# Exercise aim:
Exactly as they stand, give the records below again, with no images.
═══
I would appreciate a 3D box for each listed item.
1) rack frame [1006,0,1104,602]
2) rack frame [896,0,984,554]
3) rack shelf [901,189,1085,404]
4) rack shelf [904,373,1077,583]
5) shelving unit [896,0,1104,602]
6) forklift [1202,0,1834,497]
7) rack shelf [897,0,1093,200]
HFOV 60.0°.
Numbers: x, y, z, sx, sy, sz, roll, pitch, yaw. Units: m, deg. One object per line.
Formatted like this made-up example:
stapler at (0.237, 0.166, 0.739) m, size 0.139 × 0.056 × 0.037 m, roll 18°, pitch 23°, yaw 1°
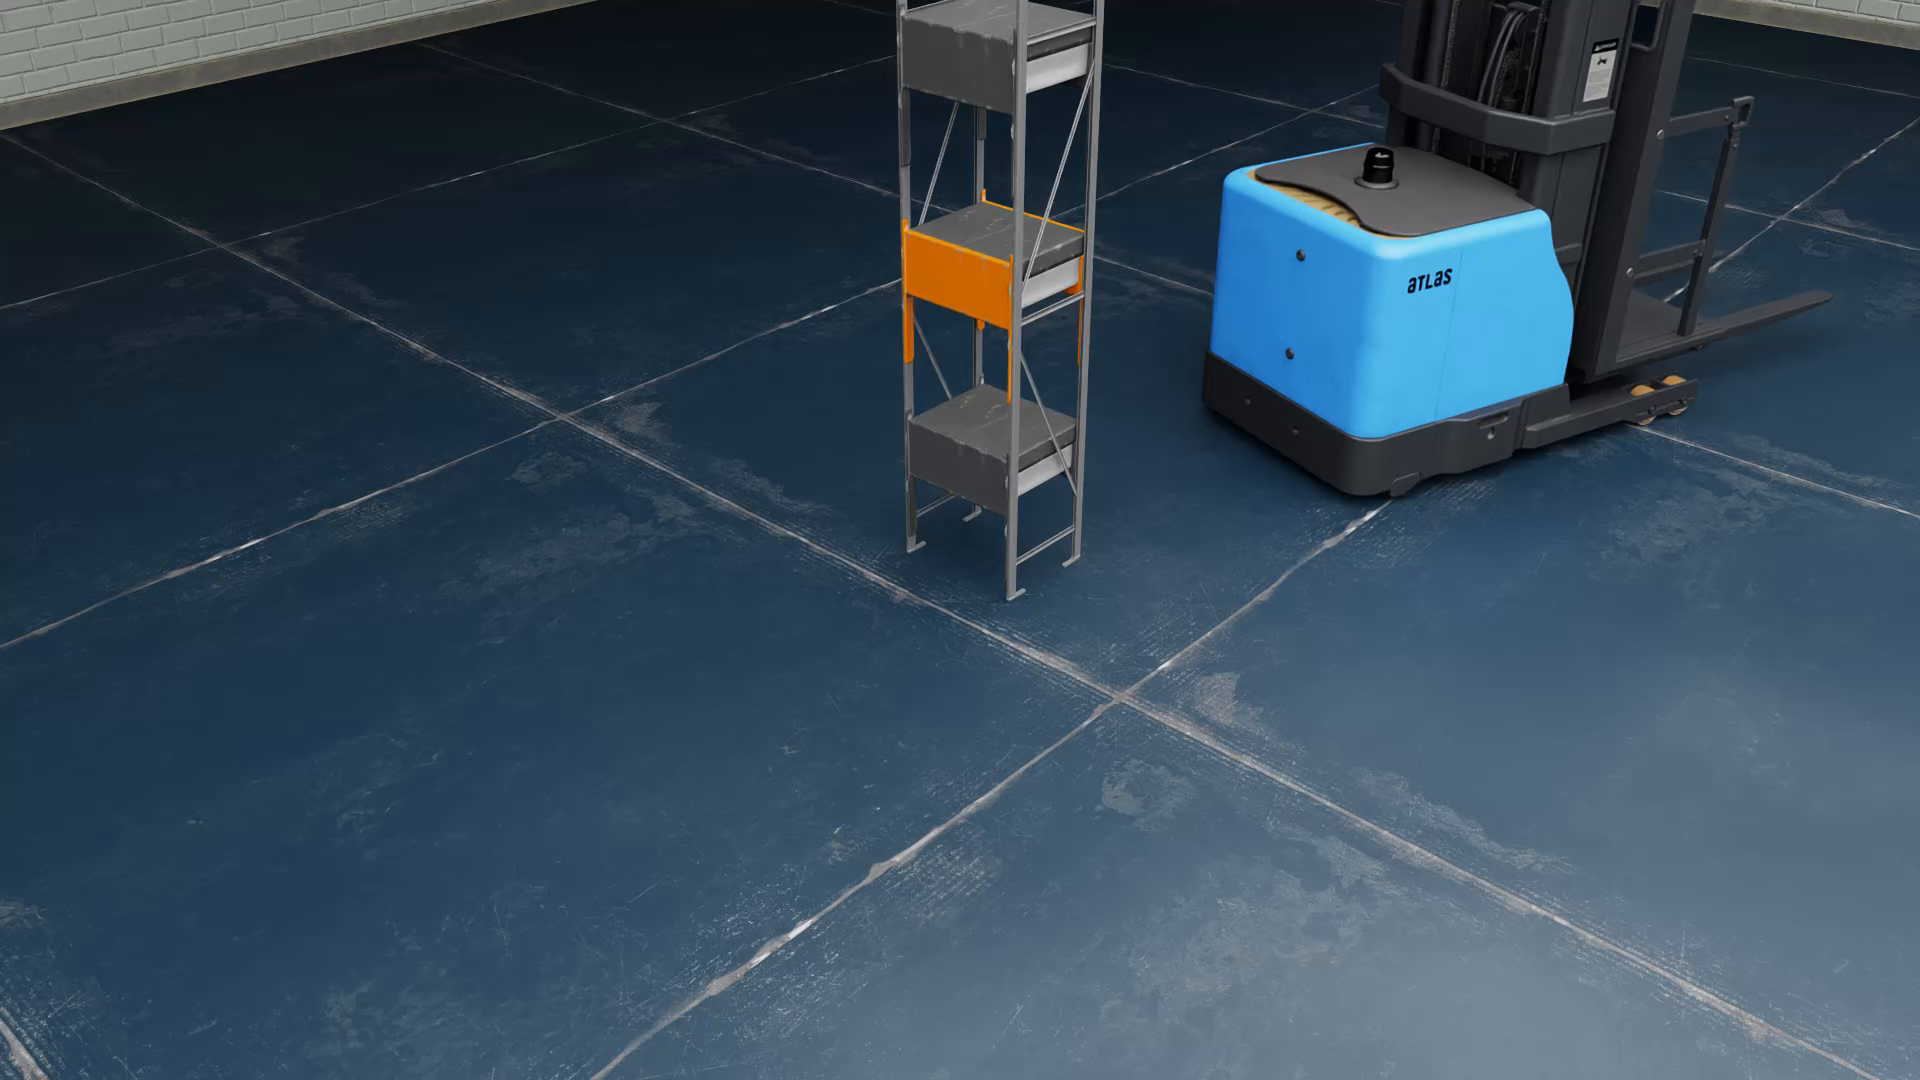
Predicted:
rack frame at (0.304, -0.758, 5.473) m, size 0.015 × 2.100 × 0.400 m, roll 25°, pitch 39°, yaw 35°
rack frame at (-0.058, -0.927, 5.754) m, size 0.015 × 2.100 × 0.400 m, roll 25°, pitch 39°, yaw 35°
rack shelf at (0.123, -0.831, 5.620) m, size 0.480 × 0.518 × 0.431 m, roll 25°, pitch 39°, yaw 35°
rack shelf at (0.123, -0.231, 5.981) m, size 0.480 × 0.518 × 0.431 m, roll 25°, pitch 39°, yaw 35°
shelving unit at (0.123, -0.842, 5.613) m, size 0.503 × 2.100 × 0.431 m, roll 25°, pitch 39°, yaw 35°
forklift at (2.571, -1.963, 6.670) m, size 3.031 × 2.935 × 1.130 m, roll -16°, pitch 35°, yaw -25°
rack shelf at (0.123, -1.430, 5.259) m, size 0.480 × 0.518 × 0.431 m, roll 25°, pitch 39°, yaw 35°
═══
# Written answer:
I would appreciate a 3D box for each listed item.
1) rack frame [1006,0,1104,602]
2) rack frame [896,0,984,554]
3) rack shelf [901,189,1085,404]
4) rack shelf [904,373,1077,583]
5) shelving unit [896,0,1104,602]
6) forklift [1202,0,1834,497]
7) rack shelf [897,0,1093,200]
HFOV 60.0°.
Numbers: x, y, z, sx, sy, sz, roll, pitch, yaw. Units: m, deg. One object per line.
Formatted like this made-up example:
stapler at (0.237, 0.166, 0.739) m, size 0.139 × 0.056 × 0.037 m, roll 18°, pitch 23°, yaw 1°
Predicted:
rack frame at (0.304, -0.758, 5.473) m, size 0.015 × 2.100 × 0.400 m, roll 25°, pitch 39°, yaw 35°
rack frame at (-0.058, -0.927, 5.754) m, size 0.015 × 2.100 × 0.400 m, roll 25°, pitch 39°, yaw 35°
rack shelf at (0.123, -0.831, 5.620) m, size 0.480 × 0.518 × 0.431 m, roll 25°, pitch 39°, yaw 35°
rack shelf at (0.123, -0.231, 5.981) m, size 0.480 × 0.518 × 0.431 m, roll 25°, pitch 39°, yaw 35°
shelving unit at (0.123, -0.842, 5.613) m, size 0.503 × 2.100 × 0.431 m, roll 25°, pitch 39°, yaw 35°
forklift at (2.571, -1.963, 6.670) m, size 3.031 × 2.935 × 1.130 m, roll -16°, pitch 35°, yaw -25°
rack shelf at (0.123, -1.430, 5.259) m, size 0.480 × 0.518 × 0.431 m, roll 25°, pitch 39°, yaw 35°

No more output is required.